Lavallier unió las cejas.

—Eso quiere decir que la identidad falsa de Clohessy…

—Bueno, no debemos pecar de optimistas. Pero, tal y como parece, podría tratarse de un asunto interno de los irlandeses. Por lo visto, Clohessy quiso salirse, ya que había llegado a la conclusión que el IRA estaba acabado. Todo lo que siguiese ya no sería una lucha por una causa justa, sino el terror puro y duro, derivado de la falta de perspectivas. —¿Y ellos cómo lo saben?

—Por agentes encubiertos. Paddy intentó retirarse de manera pacífica, pero ellos no quisieron dejarlo marchar.

«Lo mismo que acabo de contar en la gerencia», pensó Lavallier. El ala extremista seguiría actuando, independientemente de que tuviera o no sentido.
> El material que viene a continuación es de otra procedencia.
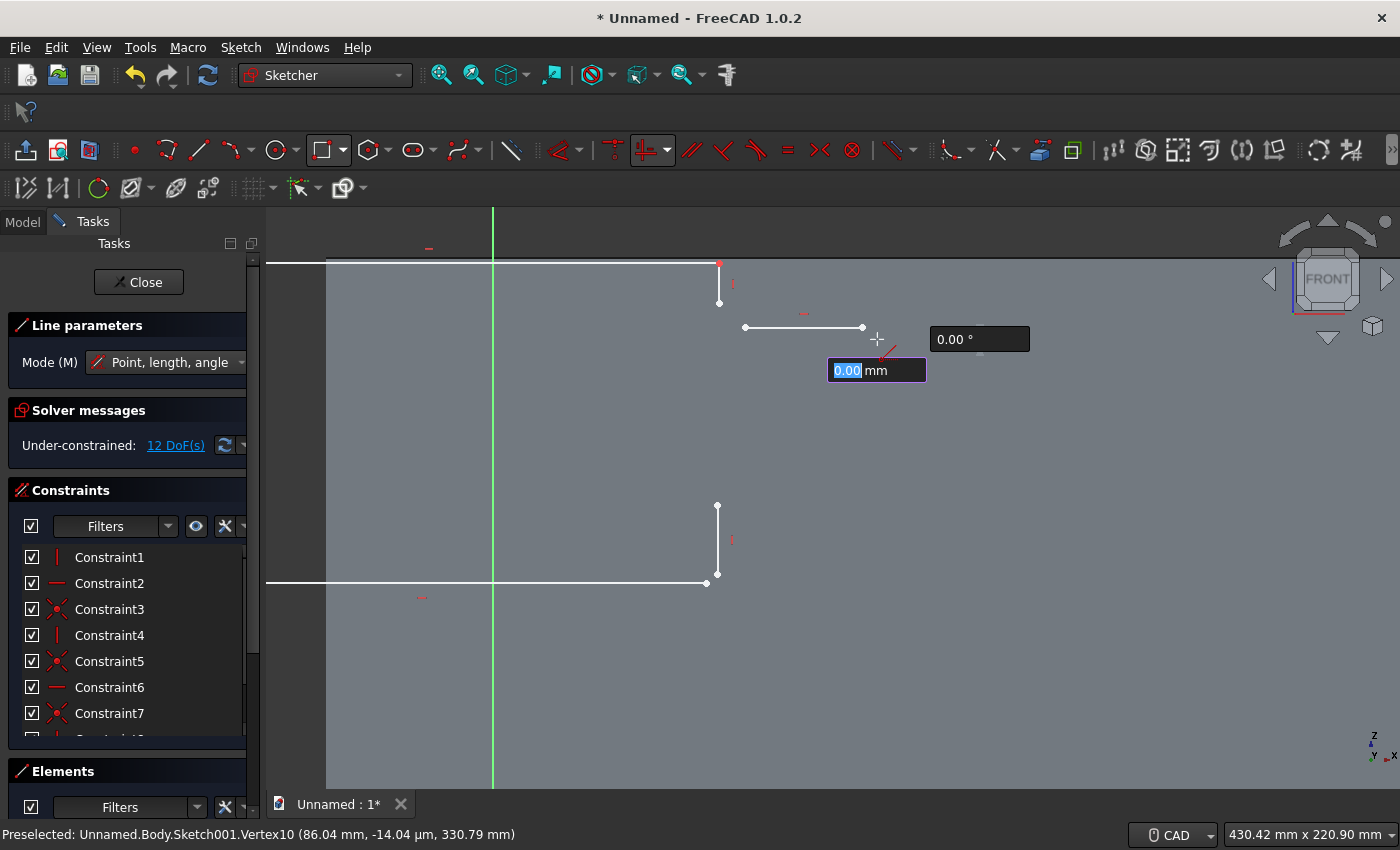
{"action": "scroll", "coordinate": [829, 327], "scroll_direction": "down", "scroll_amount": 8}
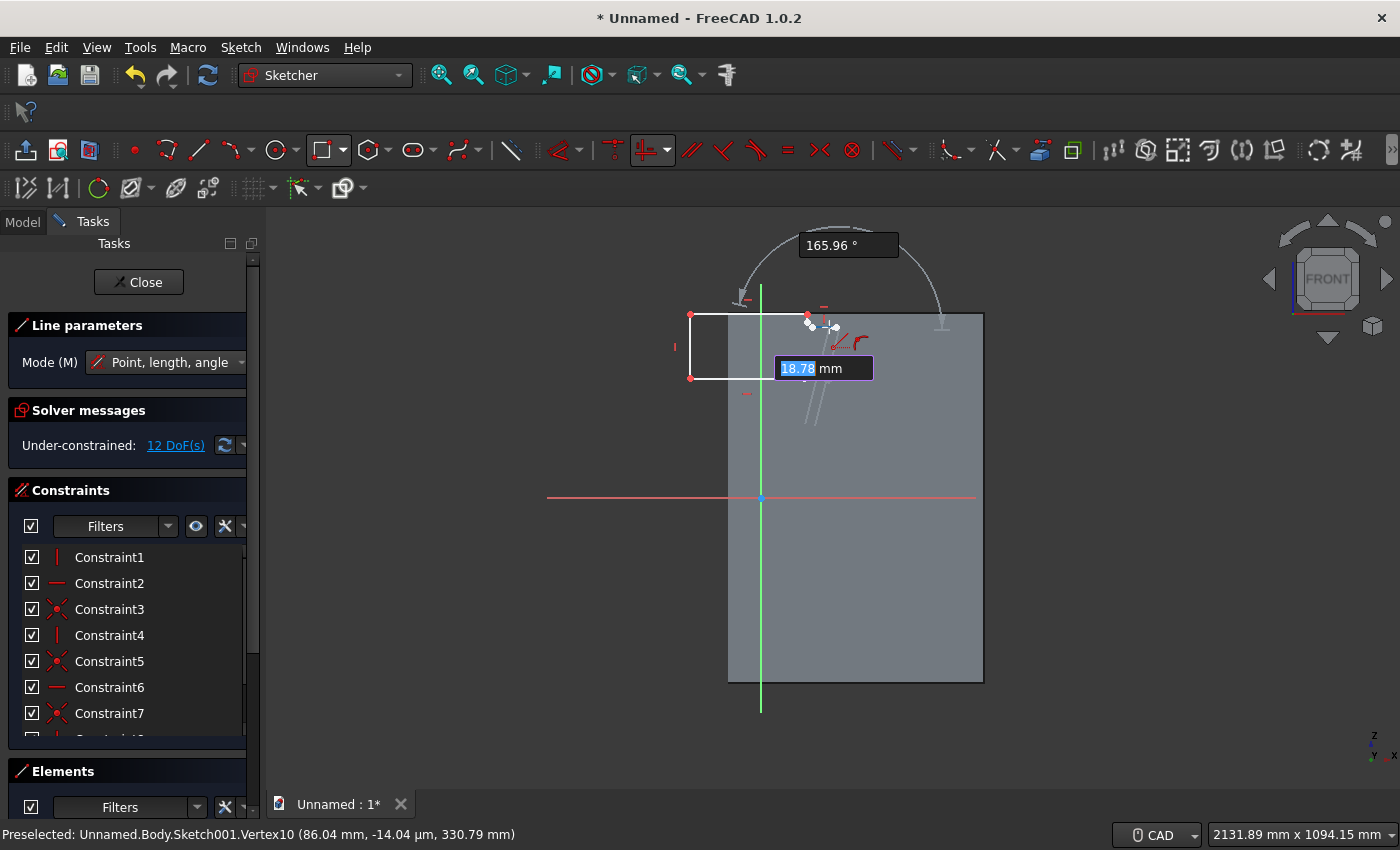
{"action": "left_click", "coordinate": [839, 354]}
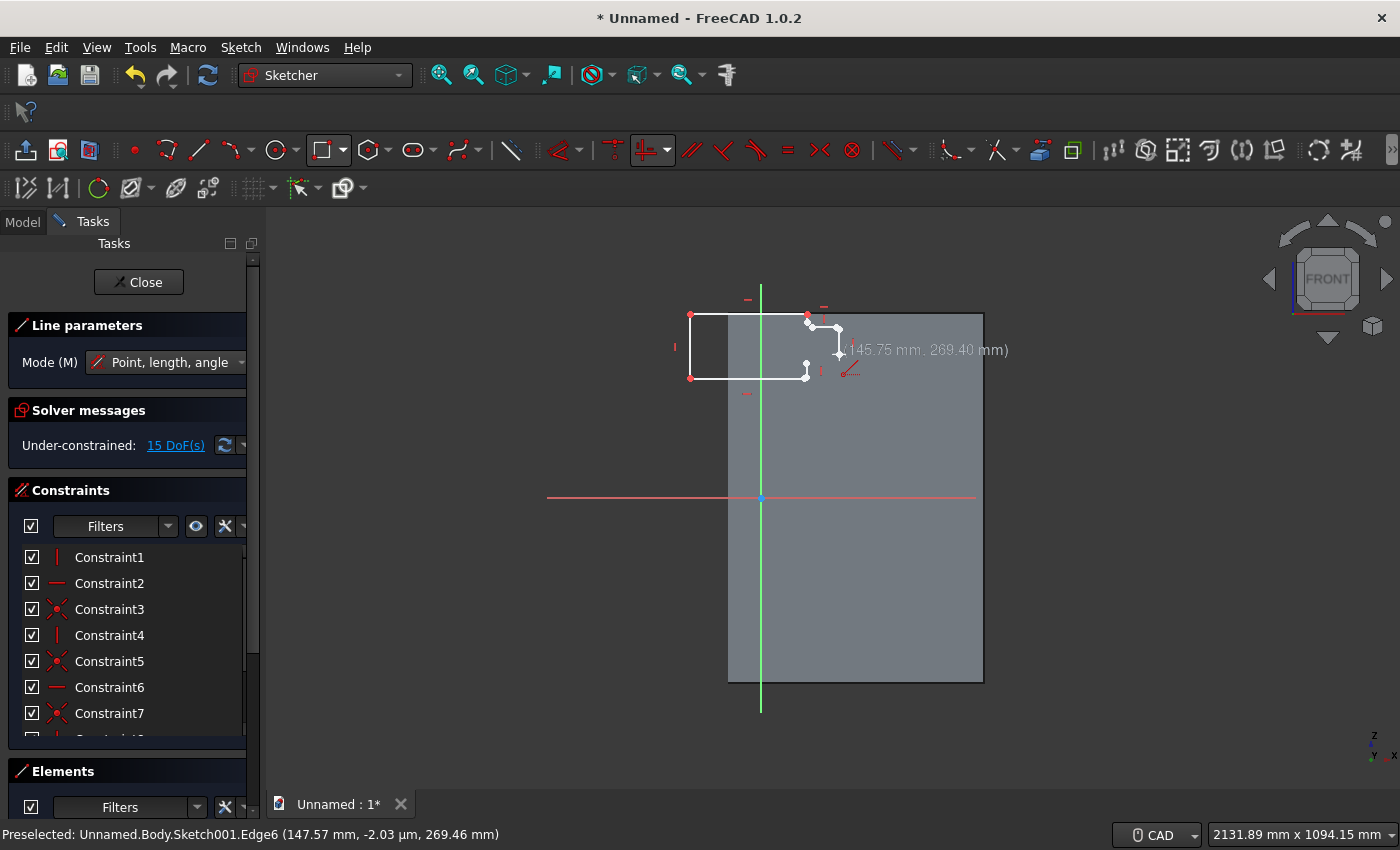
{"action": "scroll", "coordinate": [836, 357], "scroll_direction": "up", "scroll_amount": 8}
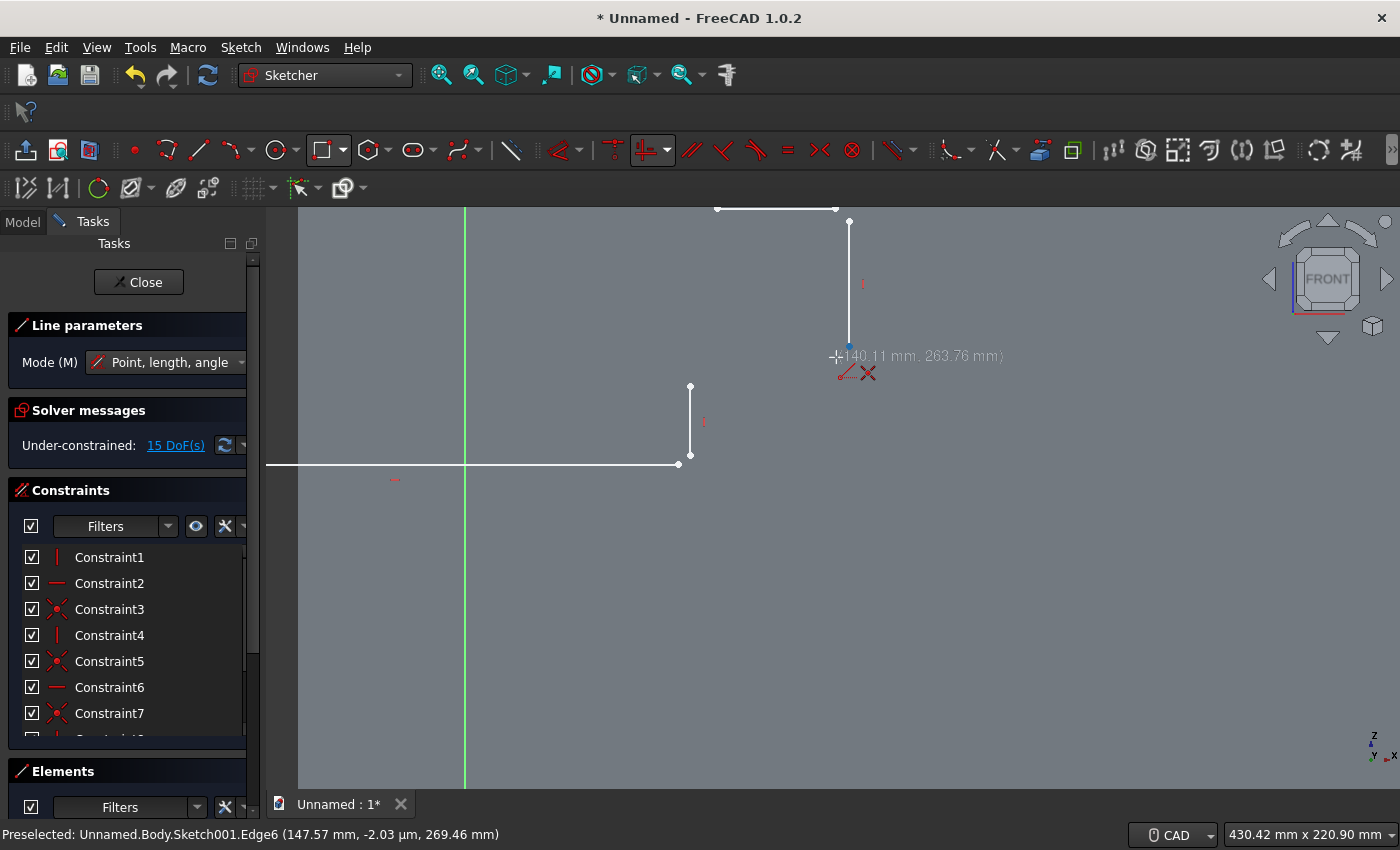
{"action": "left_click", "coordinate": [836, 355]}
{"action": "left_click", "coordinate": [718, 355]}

Clohessy podría ser un archivo ambulante de los cerebros técnicos de los irlandeses. Uno de los pocos que estarían en condiciones de ayudar realmente a los ingleses en la carrera por la tecnología más sofisticada, ya que sabía cómo pensaba el IRA.

Estaba más claro que el agua que tenían que eliminarlo.